Cáncer secundario en sobrevivientes de linfoma de Hodgkin

Cáncer secundario en sobrevivientes de linfoma de Hodgkin

Si recién está comenzando o está en medio del tratamiento del linfoma de Hodgkin, hablar sobre otro cáncer puede ser lo último que desea escuchar. Antes de analizar el riesgo y las tasas de cánceres secundarios, es importante tener en cuenta que el riesgo de efectos tardíos, como los cánceres secundarios, generalmente se ve superado por los beneficios del tratamiento. Durante el último medio siglo, la tasa de supervivencia general de 5 años para el linfoma de Hodgkin ha pasado del 10 por ciento a casi el 90 por ciento, y la persona promedio con la enfermedad ahora puede esperar curarse.

Tener conciencia de la posibilidad de cánceres secundarios se vuelve aún más importante para aquellos que han ingresado a lo que se ha acuñado como la fase de supervivencia del cáncer. Si bien una parte esencial de la supervivencia es aprender a alejarse de su papel de paciente con cáncer y dejar de ser definido por su cáncer, deberá comprender este posible y sustancial riesgo a largo plazo.

Hablemos de cuán significativo puede ser este riesgo, las tasas de ciertos cánceres relacionados con los tratamientos utilizados para la enfermedad de Hodgkin y, lo más importante, analice cómo puede mejorar su salud a largo plazo después del tratamiento mediante la detección temprana y la reducción del riesgo.

¿Qué se considera un cáncer secundario?

El cáncer secundario después de la enfermedad de Hodgkin se define como el desarrollo de un segundo cáncer no relacionado con su cáncer original. La enfermedad de Hodgkin que reaparece-recaídas-no se considera un cáncer secundario sino más bien una recurrencia de la enfermedad.

Un cáncer secundario a veces se puede denominar como un segundo cáncer primario, enfatizando que el segundo cáncer no está relacionado con el primero.

Los tratamientos para el cáncer, como la quimioterapia y la radioterapia, a menudo pueden curar el linfoma de Hodgkin, pero al mismo tiempo son carcinógenos (causantes de cáncer). El daño que estos tratamientos causan al ADN en las células puede funcionar maravillosamente para eliminar las células cancerosas de su cuerpo, pero también puede dañar el material genético en células sanas normales, a veces iniciando los cambios que pueden conducir al desarrollo de una célula cancerosa. Cance Los cánceres secundarios pueden ocurrir meses o décadas después del cáncer original.

¿Qué tan comunes son los cánceres secundarios después del linfoma de Hodgkin?

¿Cuál es el riesgo de desarrollar un cáncer secundario si ha tenido la enfermedad de Hodgkin? La respuesta variará en función del tratamiento particular que tuvo, su edad al momento del diagnóstico y una serie de otros factores. Aunque tenemos algunas ideas sobre qué cánceres es más probable que ocurran y por qué es difícil evaluar el riesgo exacto para una persona. Los estudios han analizado grupos de personas con linfoma de Hodgkin con el tiempo, pero estas personas han recibido una gran variedad de tratamientos diferentes. Dado que se espera que uno de cada dos hombres y una de cada tres mujeres desarrollen cáncer en su vida, incluso sin haber tenido la enfermedad de Hodgkin, es aún más difícil determinar los riesgos exactos.

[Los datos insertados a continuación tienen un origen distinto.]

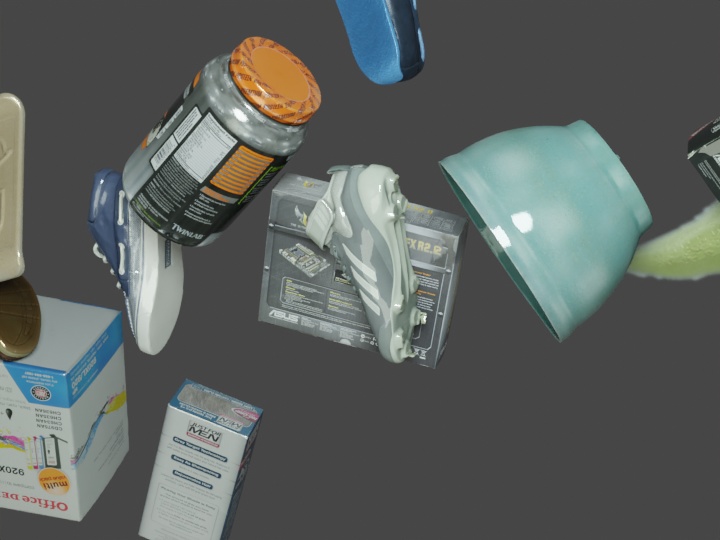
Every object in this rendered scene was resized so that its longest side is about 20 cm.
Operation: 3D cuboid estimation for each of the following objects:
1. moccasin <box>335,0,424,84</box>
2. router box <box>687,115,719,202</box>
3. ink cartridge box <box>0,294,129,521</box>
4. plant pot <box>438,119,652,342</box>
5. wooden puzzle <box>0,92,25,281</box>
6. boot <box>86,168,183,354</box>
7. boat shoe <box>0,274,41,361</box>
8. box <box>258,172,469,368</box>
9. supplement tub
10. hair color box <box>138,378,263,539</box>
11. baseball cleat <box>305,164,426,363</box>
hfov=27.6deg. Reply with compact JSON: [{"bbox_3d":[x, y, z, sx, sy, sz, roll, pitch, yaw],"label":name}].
[{"bbox_3d":[0.010,-0.267,1.337,0.080,0.068,0.201,-8,92,36],"label":"moccasin"},{"bbox_3d":[0.411,-0.076,1.314,0.150,0.062,0.200,-31,104,30],"label":"router box"},{"bbox_3d":[-0.356,0.152,1.644,0.147,0.145,0.201,8,120,13],"label":"ink cartridge box"},{"bbox_3d":[0.182,-0.053,1.344,0.134,0.200,0.201,-34,105,2],"label":"plant pot"},{"bbox_3d":[-0.426,-0.071,1.565,0.185,0.046,0.201,-14,71,24],"label":"wooden puzzle"},{"bbox_3d":[-0.243,-0.012,1.571,0.090,0.073,0.201,16,114,19],"label":"boot"},{"bbox_3d":[-0.405,0.031,1.589,0.072,0.072,0.200,-54,52,30],"label":"boat shoe"},{"bbox_3d":[0.000,0.000,1.500,0.199,0.048,0.159,14,119,11],"label":"box"},{"bbox_3d":[-0.134,-0.126,1.434,0.122,0.123,0.200,42,121,-7],"label":"supplement tub"},{"bbox_3d":[-0.184,0.233,1.679,0.100,0.061,0.201,21,122,6],"label":"hair color box"},{"bbox_3d":[0.004,-0.008,1.436,0.106,0.070,0.201,3,107,24],"label":"baseball cleat"}]
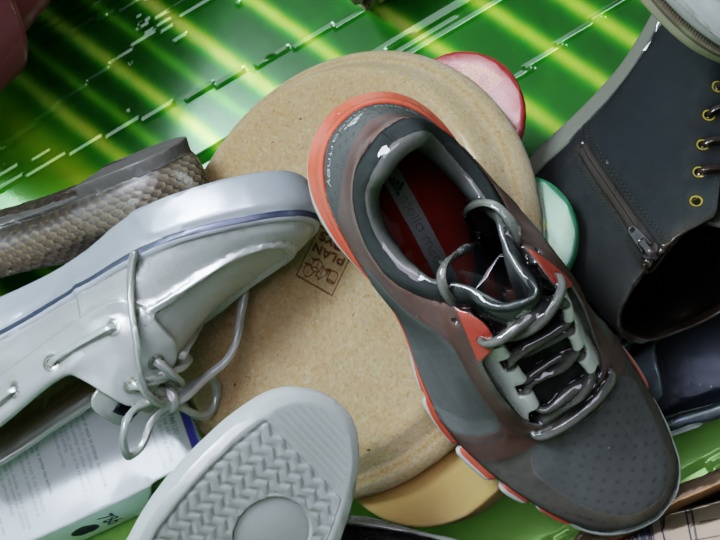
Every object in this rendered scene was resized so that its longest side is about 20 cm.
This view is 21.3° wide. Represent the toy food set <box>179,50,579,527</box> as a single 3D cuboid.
[{"bbox_3d":[0.000,0.000,0.810,0.199,0.049,0.200,9,83,38],"label":"toy food set"}]

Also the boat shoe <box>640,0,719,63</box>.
[{"bbox_3d":[0.180,-0.097,0.723,0.199,0.068,0.075,34,76,-16],"label":"boat shoe"}]

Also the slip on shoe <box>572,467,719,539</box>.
[{"bbox_3d":[0.173,0.100,0.757,0.198,0.061,0.077,-15,71,9],"label":"slip on shoe"}]

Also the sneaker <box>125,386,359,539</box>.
[{"bbox_3d":[-0.073,0.112,0.771,0.073,0.118,0.201,26,106,-20],"label":"sneaker"}]

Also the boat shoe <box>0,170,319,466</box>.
[{"bbox_3d":[-0.096,0.036,0.786,0.201,0.075,0.087,-26,68,15],"label":"boat shoe"}]

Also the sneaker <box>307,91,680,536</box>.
[{"bbox_3d":[0.052,0.025,0.701,0.077,0.082,0.200,-42,102,-5],"label":"sneaker"}]

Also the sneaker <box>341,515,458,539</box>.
[{"bbox_3d":[0.051,0.147,0.721,0.199,0.082,0.075,14,60,39],"label":"sneaker"}]

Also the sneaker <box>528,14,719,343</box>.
[{"bbox_3d":[0.154,-0.059,0.780,0.200,0.075,0.106,-51,34,6],"label":"sneaker"}]

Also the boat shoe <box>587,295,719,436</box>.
[{"bbox_3d":[0.115,0.037,0.789,0.198,0.062,0.073,-12,73,11],"label":"boat shoe"}]

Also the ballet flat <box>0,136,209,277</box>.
[{"bbox_3d":[-0.150,-0.006,0.856,0.199,0.067,0.047,-20,103,23],"label":"ballet flat"}]

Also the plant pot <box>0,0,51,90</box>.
[{"bbox_3d":[-0.189,-0.193,0.873,0.179,0.200,0.200,-42,68,-18],"label":"plant pot"}]

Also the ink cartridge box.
[{"bbox_3d":[-0.166,0.084,0.857,0.199,0.039,0.100,-24,69,8],"label":"ink cartridge box"}]

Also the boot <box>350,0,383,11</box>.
[{"bbox_3d":[0.057,-0.168,0.858,0.154,0.072,0.200,-41,64,-1],"label":"boot"}]
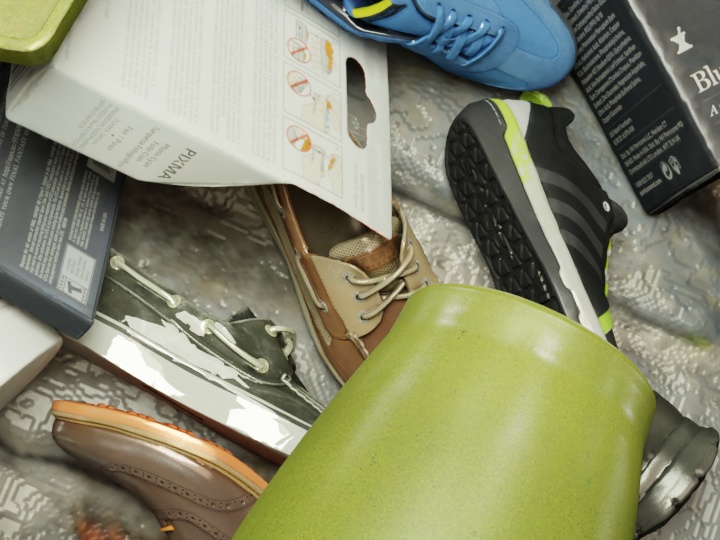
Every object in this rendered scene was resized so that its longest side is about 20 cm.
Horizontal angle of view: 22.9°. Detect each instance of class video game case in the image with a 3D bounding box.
[{"bbox_3d":[-0.204,-0.066,0.855,0.199,0.019,0.144,32,34,-22],"label":"video game case"}]

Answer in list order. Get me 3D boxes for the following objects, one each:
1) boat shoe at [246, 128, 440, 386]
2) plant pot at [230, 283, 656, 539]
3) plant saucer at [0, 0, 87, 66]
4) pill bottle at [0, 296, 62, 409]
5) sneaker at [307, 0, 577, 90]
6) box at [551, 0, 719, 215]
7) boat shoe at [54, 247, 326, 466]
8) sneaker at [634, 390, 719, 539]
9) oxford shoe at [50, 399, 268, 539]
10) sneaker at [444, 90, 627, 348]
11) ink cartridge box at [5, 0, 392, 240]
[{"bbox_3d":[0.000,0.000,0.925,0.075,0.072,0.201,-33,87,-13],"label":"boat shoe"},{"bbox_3d":[0.044,0.119,0.810,0.199,0.200,0.194,28,71,-4],"label":"plant pot"},{"bbox_3d":[-0.180,-0.170,0.813,0.198,0.048,0.201,11,57,21],"label":"plant saucer"},{"bbox_3d":[-0.247,-0.006,0.864,0.114,0.114,0.200,-42,90,-13],"label":"pill bottle"},{"bbox_3d":[0.032,-0.133,0.916,0.199,0.066,0.079,27,34,-26],"label":"sneaker"},{"bbox_3d":[0.207,-0.169,0.967,0.195,0.117,0.201,-27,85,-13],"label":"box"},{"bbox_3d":[-0.063,0.050,0.908,0.199,0.071,0.064,29,78,-2],"label":"boat shoe"},{"bbox_3d":[0.098,0.136,0.929,0.091,0.076,0.200,41,70,9],"label":"sneaker"},{"bbox_3d":[-0.075,0.129,0.894,0.199,0.071,0.073,29,81,-5],"label":"oxford shoe"},{"bbox_3d":[0.113,-0.013,0.935,0.082,0.072,0.202,-9,67,-23],"label":"sneaker"},{"bbox_3d":[-0.073,-0.105,0.881,0.199,0.047,0.161,27,44,-31],"label":"ink cartridge box"}]
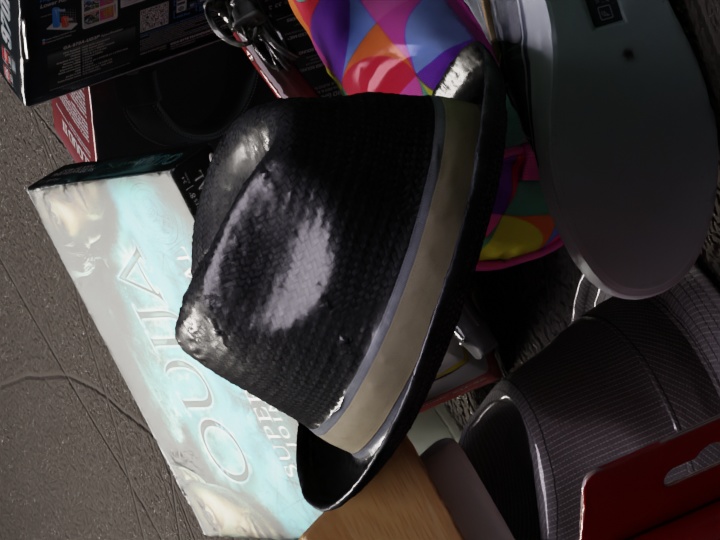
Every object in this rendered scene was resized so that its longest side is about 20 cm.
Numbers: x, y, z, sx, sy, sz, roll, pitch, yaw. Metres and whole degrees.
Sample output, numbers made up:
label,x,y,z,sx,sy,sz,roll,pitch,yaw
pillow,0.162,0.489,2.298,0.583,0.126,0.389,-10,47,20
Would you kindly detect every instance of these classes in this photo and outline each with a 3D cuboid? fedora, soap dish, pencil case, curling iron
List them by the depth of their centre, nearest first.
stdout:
label,x,y,z,sx,sy,sz,roll,pitch,yaw
fedora,-0.017,-0.007,1.135,0.201,0.091,0.201,-163,90,-79
fedora,0.098,0.089,1.217,0.200,0.090,0.177,92,155,-45
soap dish,0.030,0.159,1.242,0.158,0.081,0.200,61,170,7
curling iron,-0.006,-0.043,1.260,0.200,0.026,0.050,55,-170,-2
pencil case,0.030,-0.092,1.276,0.089,0.088,0.200,95,151,-50

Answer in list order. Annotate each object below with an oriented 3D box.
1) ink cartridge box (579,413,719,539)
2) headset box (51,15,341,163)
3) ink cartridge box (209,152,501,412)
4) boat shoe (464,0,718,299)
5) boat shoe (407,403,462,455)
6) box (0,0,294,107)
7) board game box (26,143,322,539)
label,x,y,z,sx,sy,sz,roll,pitch,yaw
ink cartridge box,0.142,0.146,1.087,0.067,0.116,0.200,47,150,43
headset box,-0.080,-0.134,1.461,0.077,0.148,0.200,-126,26,-47
ink cartridge box,0.000,0.000,1.342,0.200,0.067,0.117,27,-139,-75
boat shoe,0.084,-0.085,1.151,0.091,0.071,0.201,159,100,-75
boat shoe,-0.022,0.061,1.486,0.200,0.073,0.062,37,177,-3
box,-0.074,-0.171,1.321,0.046,0.200,0.159,54,156,34
board game box,-0.073,0.038,1.388,0.135,0.028,0.200,-5,115,54
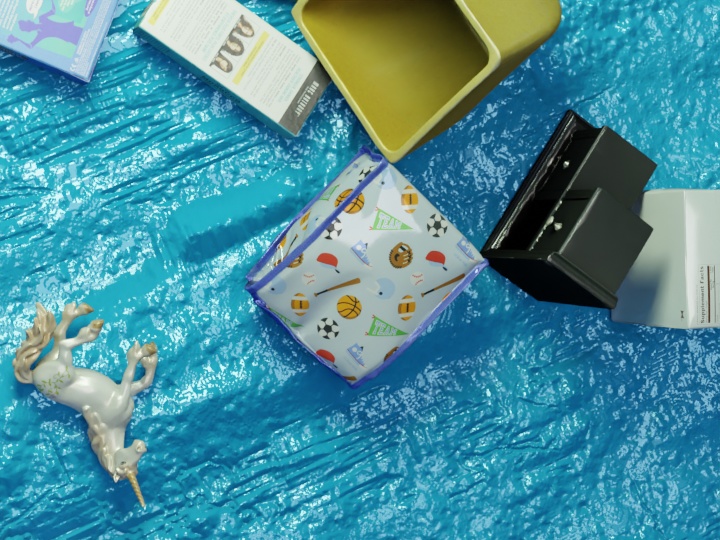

Al hablar de riesgos y tasas, tenga en cuenta que estos son promedios basados ​​en la persona promedio con enfermedad de Hodgkin. Sin embargo, la gente real rara vez es promedio.

En general, se cree que del 20 al 30 por ciento de las personas que sobreviven al linfoma de Hodgkin desarrollarán un cáncer secundario. El riesgo de uno de estos cánceres (no todos los cánceres aumenta) es aproximadamente 4.6 veces mayor que el riesgo de la población general.

Un estudio de 2015 en

The New England Journal of Medicineexaminó a más de 3900 sobrevivientes de la enfermedad de Hodgkin en un promedio de casi 20 años.La edad promedio en el momento del diagnóstico para estas personas fue 28. Algunos de estos sobrevivientes recibieron quimioterapia, algunos recibieron radiación y alrededor del 60 por ciento recibieron ambos tratamientos. De estas personas, 908 personas desarrollaron un segundo cáncer.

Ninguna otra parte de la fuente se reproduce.